Your assignment:
Nothing but the lines from the top of the records through the line with "[0:12.5-0:23.0]" should be returned, exactly, and without pictures.

━━━━━ Data records ━━━━━

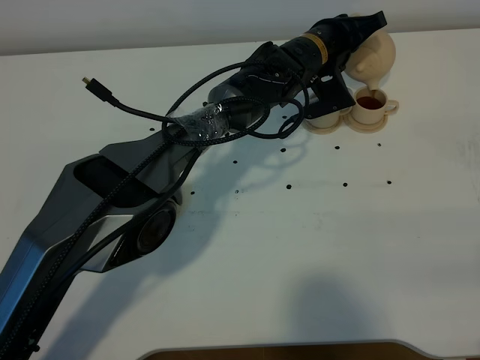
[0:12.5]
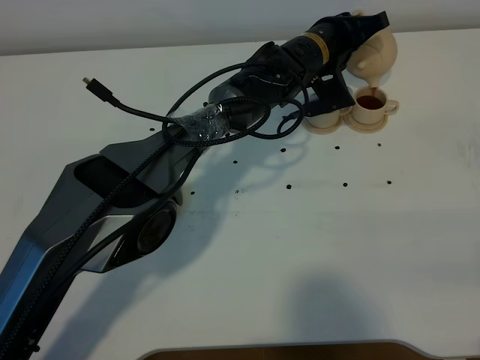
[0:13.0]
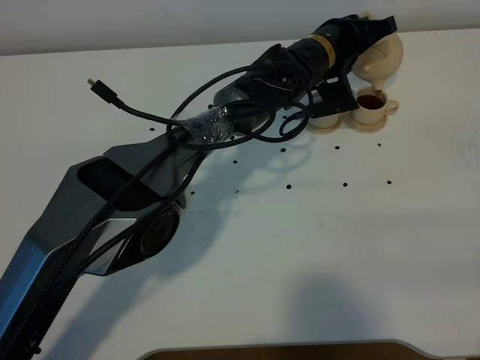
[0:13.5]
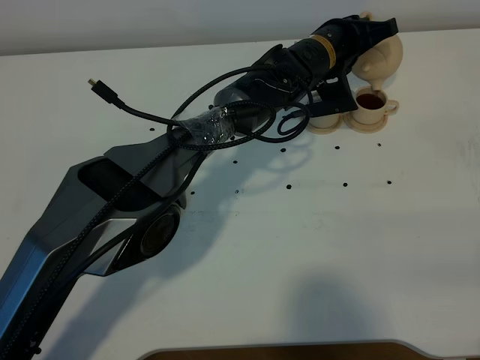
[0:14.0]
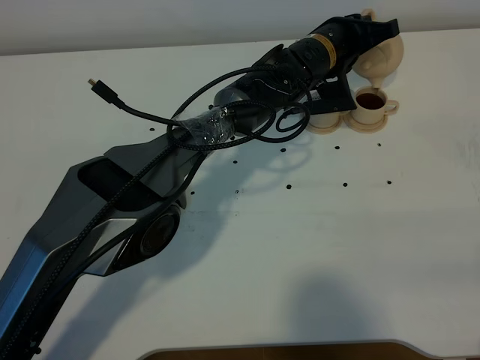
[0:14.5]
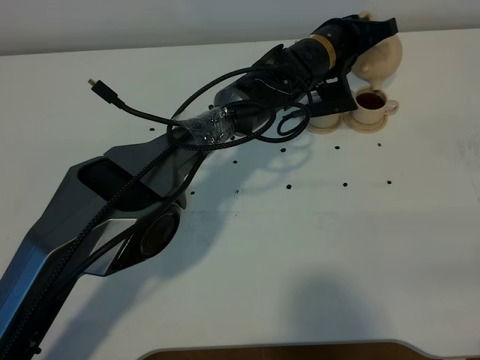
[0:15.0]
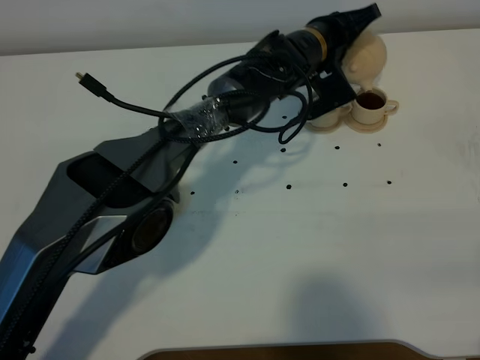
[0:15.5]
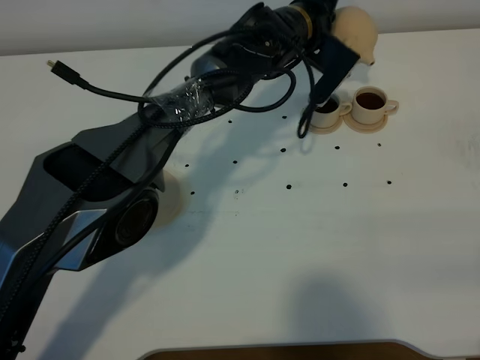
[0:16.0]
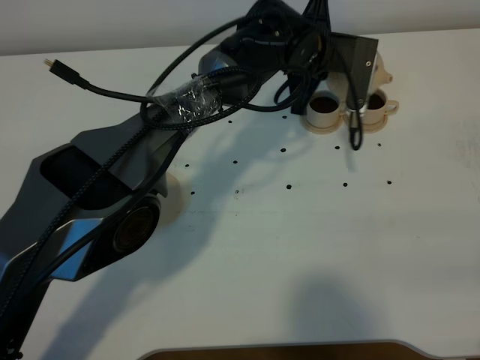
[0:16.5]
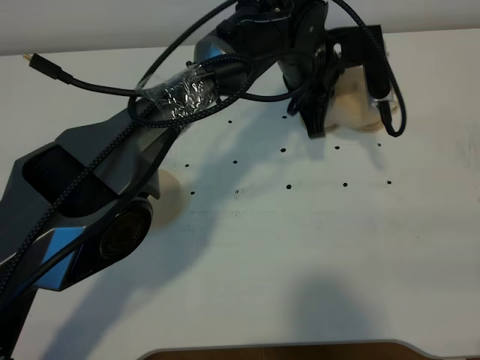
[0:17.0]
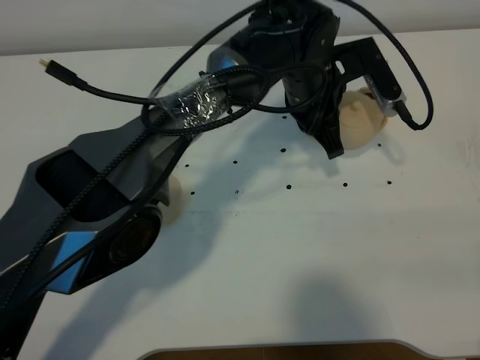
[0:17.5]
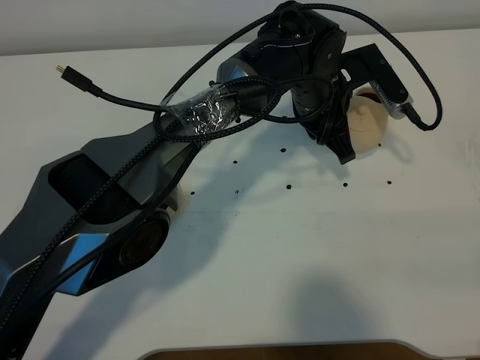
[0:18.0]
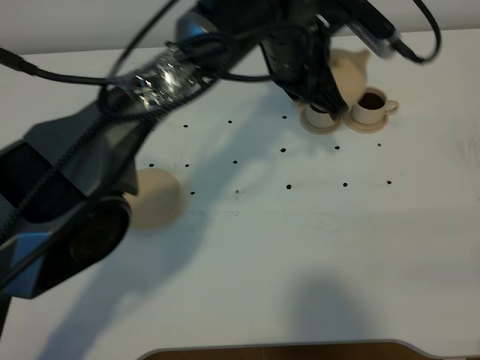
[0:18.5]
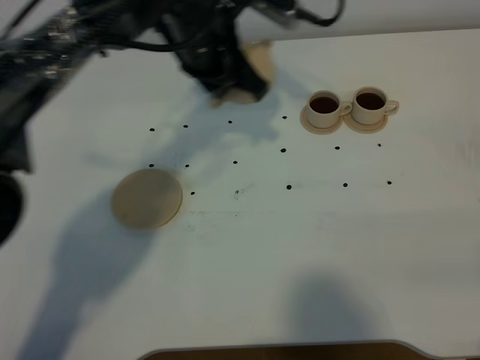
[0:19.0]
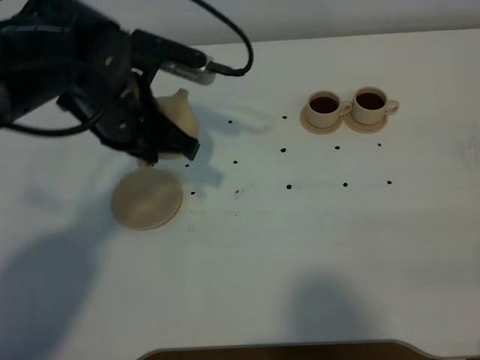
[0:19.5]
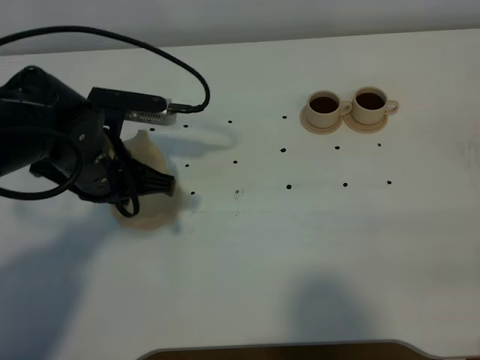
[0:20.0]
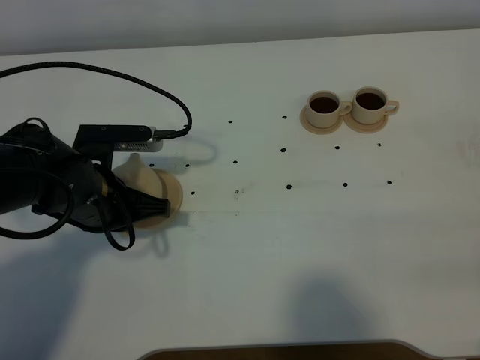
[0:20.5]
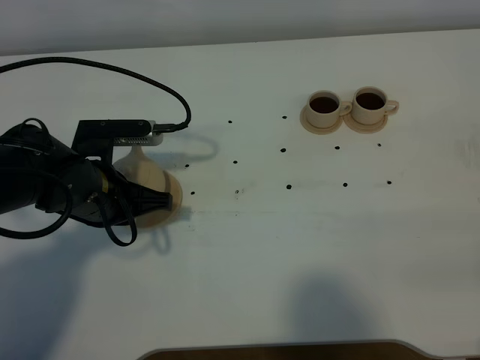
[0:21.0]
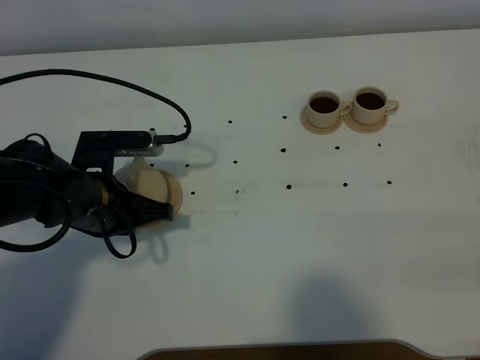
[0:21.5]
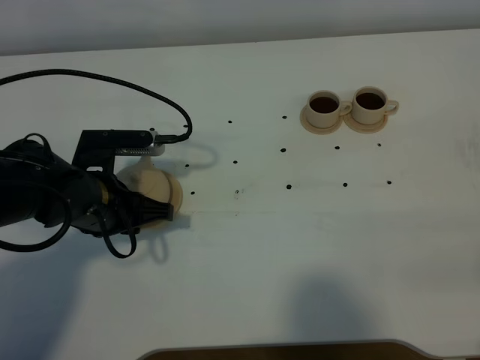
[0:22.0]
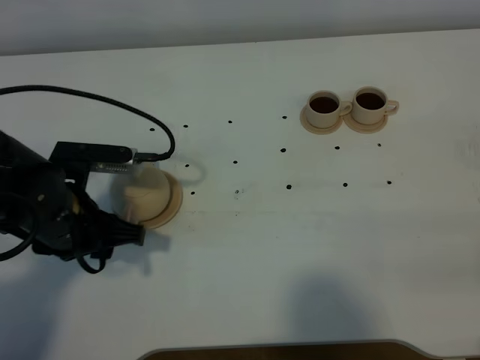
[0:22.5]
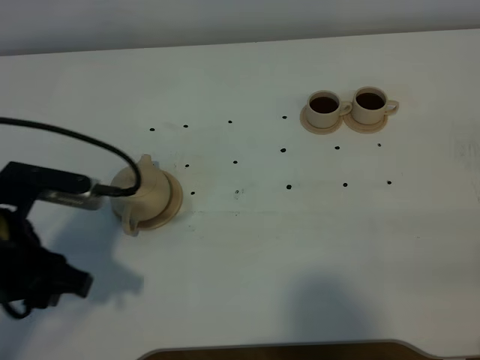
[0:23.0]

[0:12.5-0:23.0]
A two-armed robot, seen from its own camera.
Task of the whole recording: grasp the brown teapot and pour the tea into the two brown teacups one by one, put the brown teapot back in its original place.
Step, 0:12.5 to 0:15.5: Pour tea into the teacup with the left gripper.
0:12.5 to 0:14.5: The grippers make only small movements.
0:14.5 to 0:16.5: The left gripper ends up some 5 cm from where it was.
0:16.5 to 0:19.0: The left gripper is displaced to the left and upward by some 15 cm.
0:19.0 to 0:21.0: The left gripper goes approximately 20 cm to the left, backward and downward.
0:21.0 to 0:23.0: The left gripper travels backward and upward by some 15 cm, and opens up.

━━━━━

Answer to the problem:
[0:12.5]
[0:13.0]
[0:13.5]
[0:14.0]
[0:14.5]
[0:15.0]
[0:15.5]
[0:16.0]
[0:16.5]
[0:17.0]
[0:17.5]
[0:18.0]
[0:18.5]
[0:19.0]
[0:19.5]
[0:20.0]
[0:20.5]
[0:21.0]
[0:21.5]
[0:22.0]
[0:22.5]
[0:23.0]

[0:12.5-0:23.0]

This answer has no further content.